High-Performance Serverless Computing
Re-architecting serverless platforms with lightweight data planes, elastic control planes, and secure runtimes
Serverless computing promises an event-driven and resource-efficient way to build cloud applications, where developers only write application logic while the platform dynamically manages execution, scaling, and resource allocation. However, existing serverless platforms often inherit heavyweight components from container orchestration systems, including kernel-based networking, sidecar proxies, message brokers, and reactive autoscalers. These components introduce substantial overheads in function chains, increase tail latency, waste CPU resources, and make it difficult to support latency-sensitive and resource-constrained environments such as edge clouds and large-scale distributed ML workloads.
This project explores how to redesign serverless systems across both the data plane and the control plane.

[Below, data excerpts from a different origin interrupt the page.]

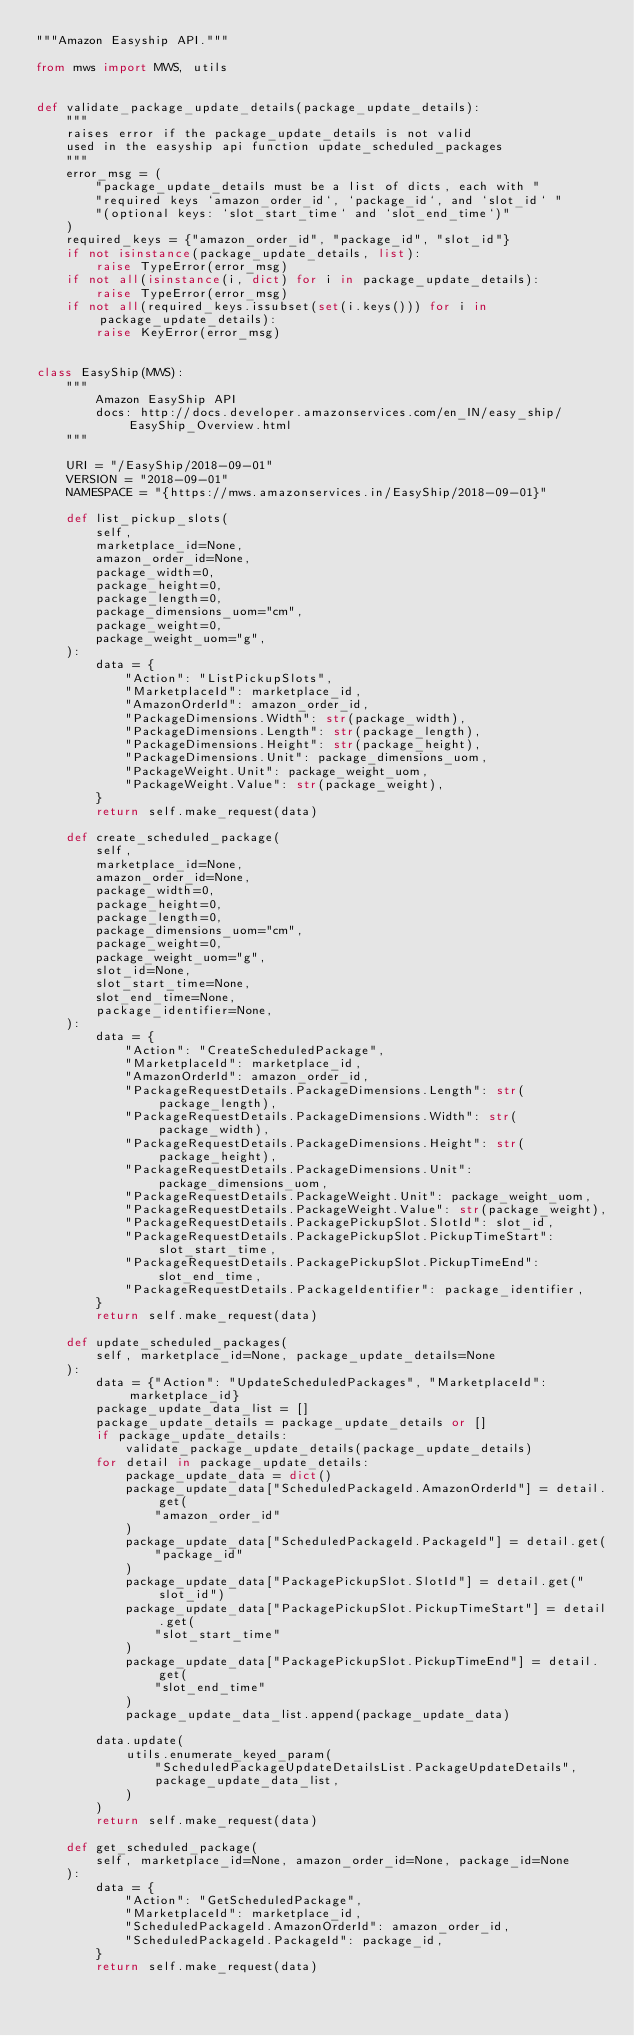Convert code to text. <code><loc_0><loc_0><loc_500><loc_500><_Python_>"""Amazon Easyship API."""

from mws import MWS, utils


def validate_package_update_details(package_update_details):
    """
    raises error if the package_update_details is not valid
    used in the easyship api function update_scheduled_packages
    """
    error_msg = (
        "package_update_details must be a list of dicts, each with "
        "required keys `amazon_order_id`, `package_id`, and `slot_id` "
        "(optional keys: `slot_start_time` and `slot_end_time`)"
    )
    required_keys = {"amazon_order_id", "package_id", "slot_id"}
    if not isinstance(package_update_details, list):
        raise TypeError(error_msg)
    if not all(isinstance(i, dict) for i in package_update_details):
        raise TypeError(error_msg)
    if not all(required_keys.issubset(set(i.keys())) for i in package_update_details):
        raise KeyError(error_msg)


class EasyShip(MWS):
    """
        Amazon EasyShip API
        docs: http://docs.developer.amazonservices.com/en_IN/easy_ship/EasyShip_Overview.html
    """

    URI = "/EasyShip/2018-09-01"
    VERSION = "2018-09-01"
    NAMESPACE = "{https://mws.amazonservices.in/EasyShip/2018-09-01}"

    def list_pickup_slots(
        self,
        marketplace_id=None,
        amazon_order_id=None,
        package_width=0,
        package_height=0,
        package_length=0,
        package_dimensions_uom="cm",
        package_weight=0,
        package_weight_uom="g",
    ):
        data = {
            "Action": "ListPickupSlots",
            "MarketplaceId": marketplace_id,
            "AmazonOrderId": amazon_order_id,
            "PackageDimensions.Width": str(package_width),
            "PackageDimensions.Length": str(package_length),
            "PackageDimensions.Height": str(package_height),
            "PackageDimensions.Unit": package_dimensions_uom,
            "PackageWeight.Unit": package_weight_uom,
            "PackageWeight.Value": str(package_weight),
        }
        return self.make_request(data)

    def create_scheduled_package(
        self,
        marketplace_id=None,
        amazon_order_id=None,
        package_width=0,
        package_height=0,
        package_length=0,
        package_dimensions_uom="cm",
        package_weight=0,
        package_weight_uom="g",
        slot_id=None,
        slot_start_time=None,
        slot_end_time=None,
        package_identifier=None,
    ):
        data = {
            "Action": "CreateScheduledPackage",
            "MarketplaceId": marketplace_id,
            "AmazonOrderId": amazon_order_id,
            "PackageRequestDetails.PackageDimensions.Length": str(package_length),
            "PackageRequestDetails.PackageDimensions.Width": str(package_width),
            "PackageRequestDetails.PackageDimensions.Height": str(package_height),
            "PackageRequestDetails.PackageDimensions.Unit": package_dimensions_uom,
            "PackageRequestDetails.PackageWeight.Unit": package_weight_uom,
            "PackageRequestDetails.PackageWeight.Value": str(package_weight),
            "PackageRequestDetails.PackagePickupSlot.SlotId": slot_id,
            "PackageRequestDetails.PackagePickupSlot.PickupTimeStart": slot_start_time,
            "PackageRequestDetails.PackagePickupSlot.PickupTimeEnd": slot_end_time,
            "PackageRequestDetails.PackageIdentifier": package_identifier,
        }
        return self.make_request(data)

    def update_scheduled_packages(
        self, marketplace_id=None, package_update_details=None
    ):
        data = {"Action": "UpdateScheduledPackages", "MarketplaceId": marketplace_id}
        package_update_data_list = []
        package_update_details = package_update_details or []
        if package_update_details:
            validate_package_update_details(package_update_details)
        for detail in package_update_details:
            package_update_data = dict()
            package_update_data["ScheduledPackageId.AmazonOrderId"] = detail.get(
                "amazon_order_id"
            )
            package_update_data["ScheduledPackageId.PackageId"] = detail.get(
                "package_id"
            )
            package_update_data["PackagePickupSlot.SlotId"] = detail.get("slot_id")
            package_update_data["PackagePickupSlot.PickupTimeStart"] = detail.get(
                "slot_start_time"
            )
            package_update_data["PackagePickupSlot.PickupTimeEnd"] = detail.get(
                "slot_end_time"
            )
            package_update_data_list.append(package_update_data)

        data.update(
            utils.enumerate_keyed_param(
                "ScheduledPackageUpdateDetailsList.PackageUpdateDetails",
                package_update_data_list,
            )
        )
        return self.make_request(data)

    def get_scheduled_package(
        self, marketplace_id=None, amazon_order_id=None, package_id=None
    ):
        data = {
            "Action": "GetScheduledPackage",
            "MarketplaceId": marketplace_id,
            "ScheduledPackageId.AmazonOrderId": amazon_order_id,
            "ScheduledPackageId.PackageId": package_id,
        }
        return self.make_request(data)
</code> 
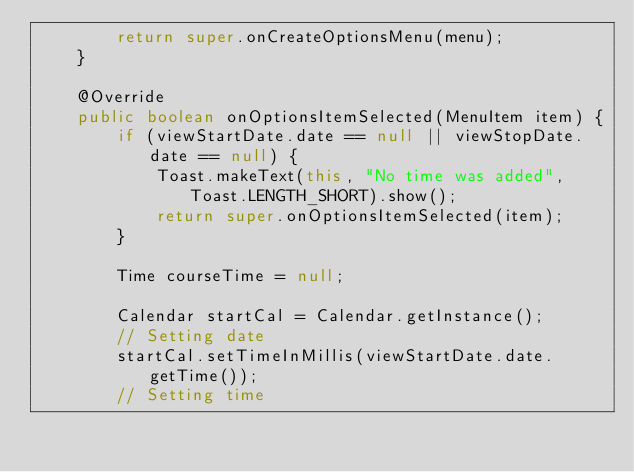<code> <loc_0><loc_0><loc_500><loc_500><_Java_>        return super.onCreateOptionsMenu(menu);
    }

    @Override
    public boolean onOptionsItemSelected(MenuItem item) {
        if (viewStartDate.date == null || viewStopDate.date == null) {
            Toast.makeText(this, "No time was added", Toast.LENGTH_SHORT).show();
            return super.onOptionsItemSelected(item);
        }

        Time courseTime = null;

        Calendar startCal = Calendar.getInstance();
        // Setting date
        startCal.setTimeInMillis(viewStartDate.date.getTime());
        // Setting time</code> 
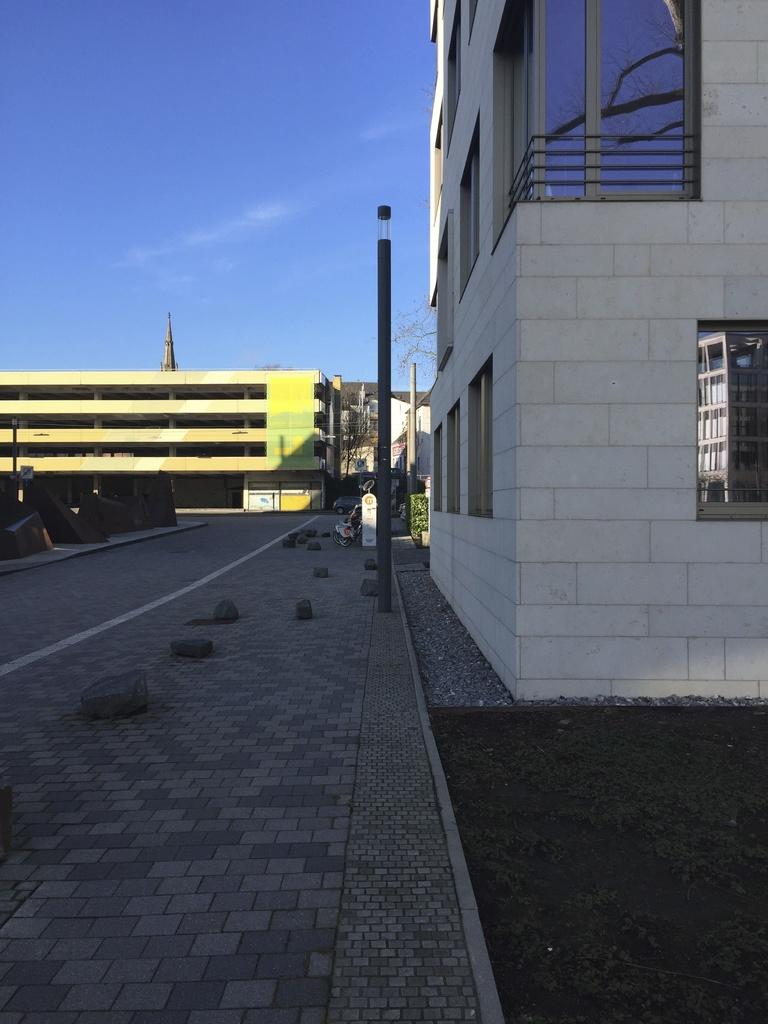What type of vegetation can be seen in the image? There is grass, plants, and trees visible in the image. What type of structures are present in the image? There are buildings, a tower, and a fence in the image. What other objects can be seen in the image? There are poles and windows visible in the image. What is visible in the background of the image? The sky is visible in the image. Can you describe the setting of the image? The image may have been taken on a road, as suggested by the presence of buildings and poles. What type of suit is the coal wearing in the image? There is no suit or coal present in the image. What type of drink is being served in the image? There is no drink being served in the image. 
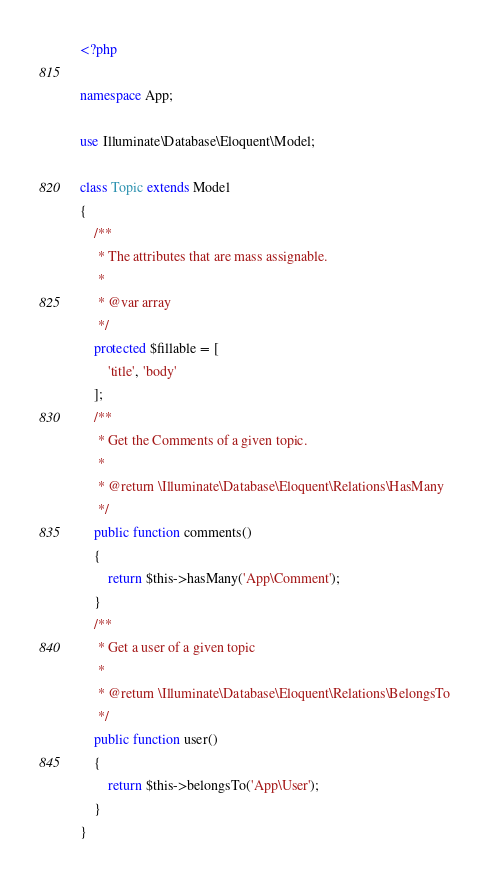Convert code to text. <code><loc_0><loc_0><loc_500><loc_500><_PHP_><?php

namespace App;

use Illuminate\Database\Eloquent\Model;

class Topic extends Model
{
    /**
     * The attributes that are mass assignable.
     *
     * @var array
     */
    protected $fillable = [
        'title', 'body'
    ];
    /**
     * Get the Comments of a given topic.
     *
     * @return \Illuminate\Database\Eloquent\Relations\HasMany
     */
    public function comments()
    {
        return $this->hasMany('App\Comment');
    }
    /**
     * Get a user of a given topic
     *
     * @return \Illuminate\Database\Eloquent\Relations\BelongsTo
     */
    public function user()
    {
        return $this->belongsTo('App\User');
    }
}
</code>

The central goal is to make serverless computing truly lightweight, high-performance, elastic, and secure, while preserving its programmability and operational benefits.
Research Overview
My work on serverless computing started from understanding the networking overheads in Kubernetes-based cloud platforms (Qi et al., 2020; Qi et al., 2021). We first characterized the performance of different Container Network Interface (CNI) plugins, showing how network models, overlay tunneling, iptables rules, eBPF processing, and host networking stack interactions affect throughput, latency, scalability, and pod startup latency. This measurement-driven study provided a foundation for understanding why existing cloud-native datapaths can become a major bottleneck for microservices and serverless workloads.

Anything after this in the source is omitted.